I saw that the ‘structure’ field returned the structure displayed on the interactive website, while ‘initial_structures’ returned a list of structures which didn’t contain the structure returned in the first case.
Could anyone help me understand the nature of these structures that ‘initial_structures’ is returning? (are they unrelaxed, unstable etc.). I really appreciate the help.
The initial_structure contains the unique starting structures used in all calculations (tasks) that go into building a material on MP.
Looking at a materials document:
from mp_api.client import MPRester
with MPRester() as mpr:
mat_doc = mpr.materials.search(material_ids=['mp-149'])[0]
print(len(mat_doc.task_ids))
>>> 42 # will vary over time
So we see that 42 individual calculations / “tasks” build up the material mp-149.
If we then query the tasks for those materials, and de-duplicate them:
from pymatgen.analysis.structure_matcher import StructureMatcher
with MPRester() as mpr:
tasks = mpr.materials.tasks.search(task_ids=mat_doc.task_ids, fields=["input"])
sm = StructureMatcher(
ltol=0.1, stol=0.1, angle_tol=0.1, scale=False, attempt_supercell=False
)
unique_structure_groups = sm.group_structures(
[task.input.structure for task in tasks if task.input and task.input.structure])
initial_structures = [group[0] for group in unique_structure_groups]
print(len(initial_structures))
>>> 6 # will vary depending on numpy + spglib version
print(len(mat_doc.initial_structures))
>>> 5 # will vary by database version
Ideally those two numbers at the end would be the same, but can differ depending on the numpy, spglib, etc. versions used in building data
Thank you for your response Aaron!
So, as I mentioned in my original post, I was looking at Ta2NiSe5: mp-541070. When I queried the ‘initial_structures’ field, it returned 3 structures. However, the third structure surprisingly had a different lattice symmetry from the first 2 structures - it was slightly monoclinic while the others were orthorhombic.
From what I could tell, Materials Projects usually presents different-symmetry lattices for the same compound in separate materials project entries.
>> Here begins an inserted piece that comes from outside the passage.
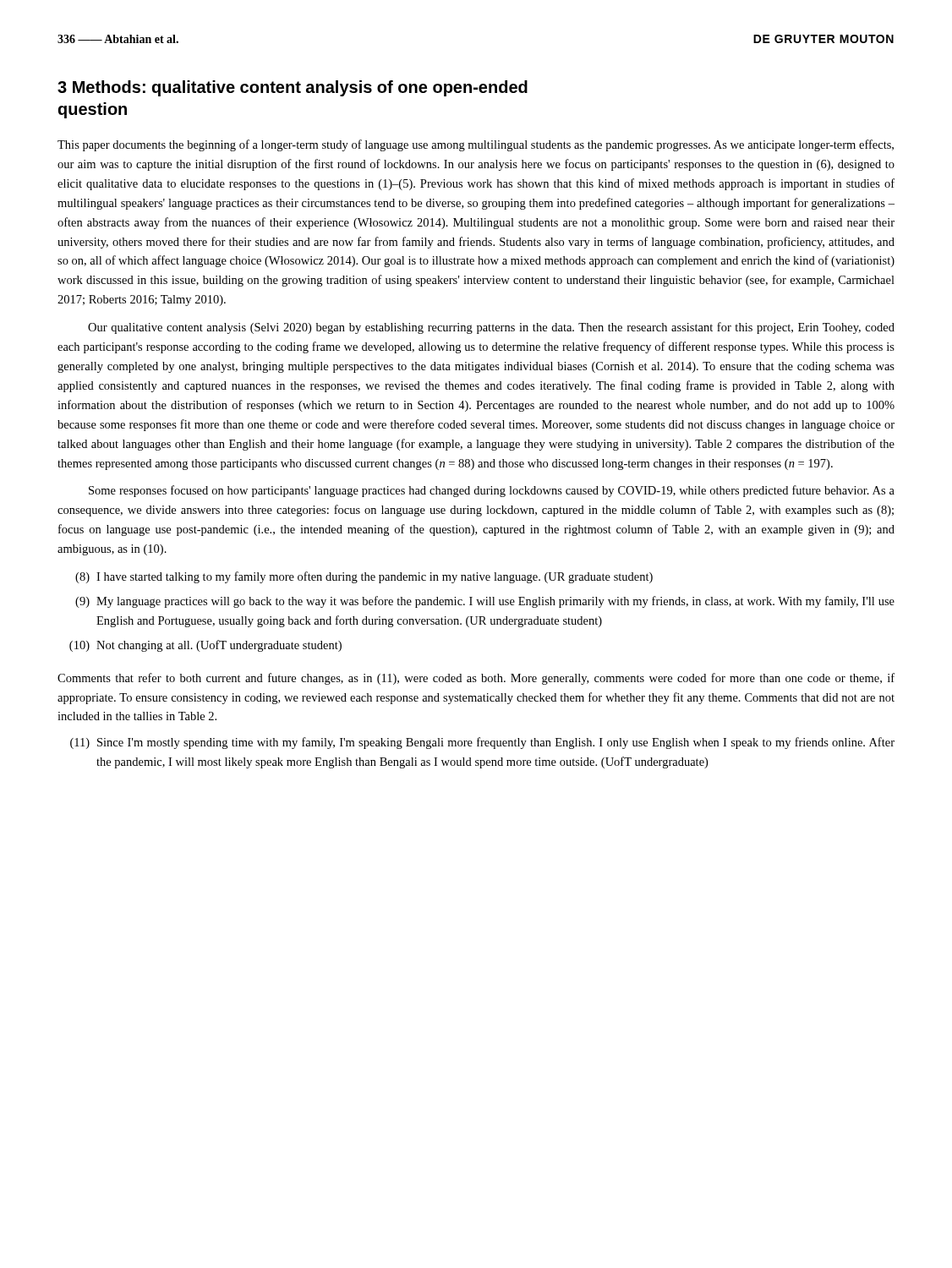Click the passage that begins "Comments that refer to both current"
The width and height of the screenshot is (952, 1268).
tap(476, 697)
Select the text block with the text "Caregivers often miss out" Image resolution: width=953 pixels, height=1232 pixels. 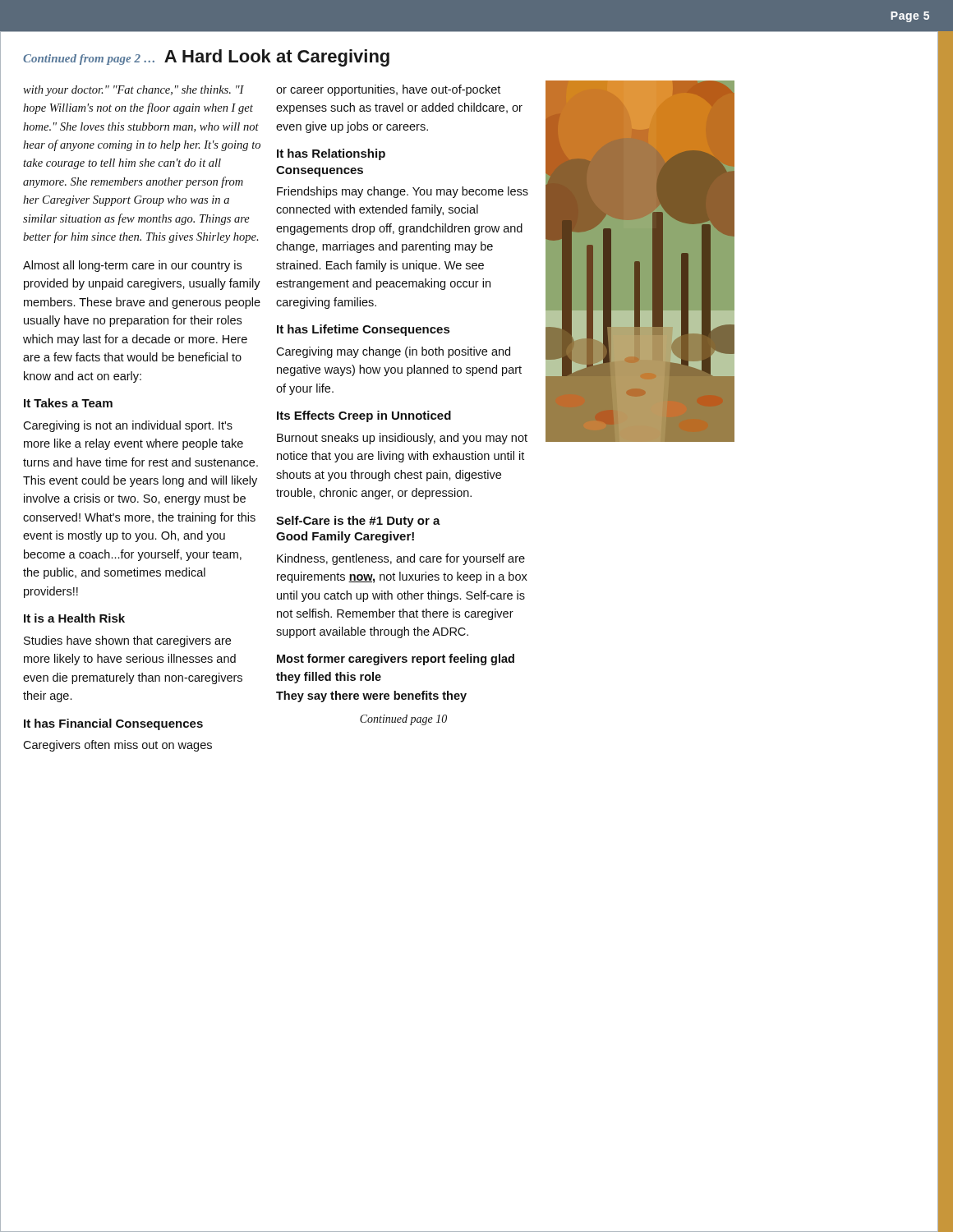(x=118, y=745)

Am I correct in understanding that, in my case, the third structure was also classified as orthorhombic due to the thresholds used in the StructureMatcher class in the code you presented?
Correct, the symprec (linear tolerance for identifying structures) used to generate Materials Project data is looser than the default in pymatgen:
from mp_api.client import MPRester
with MPRester() as mpr:
init_structs = mpr.get_structure_by_material_id("mp-541070",final=False)
print({s.get_space_group_info(symprec=0.1) for s in init_structs})
>>> {('Cmcm', 63)}
So all of the structures, including the one that is borderline another space group, are classified as Cmcm in MP’s data.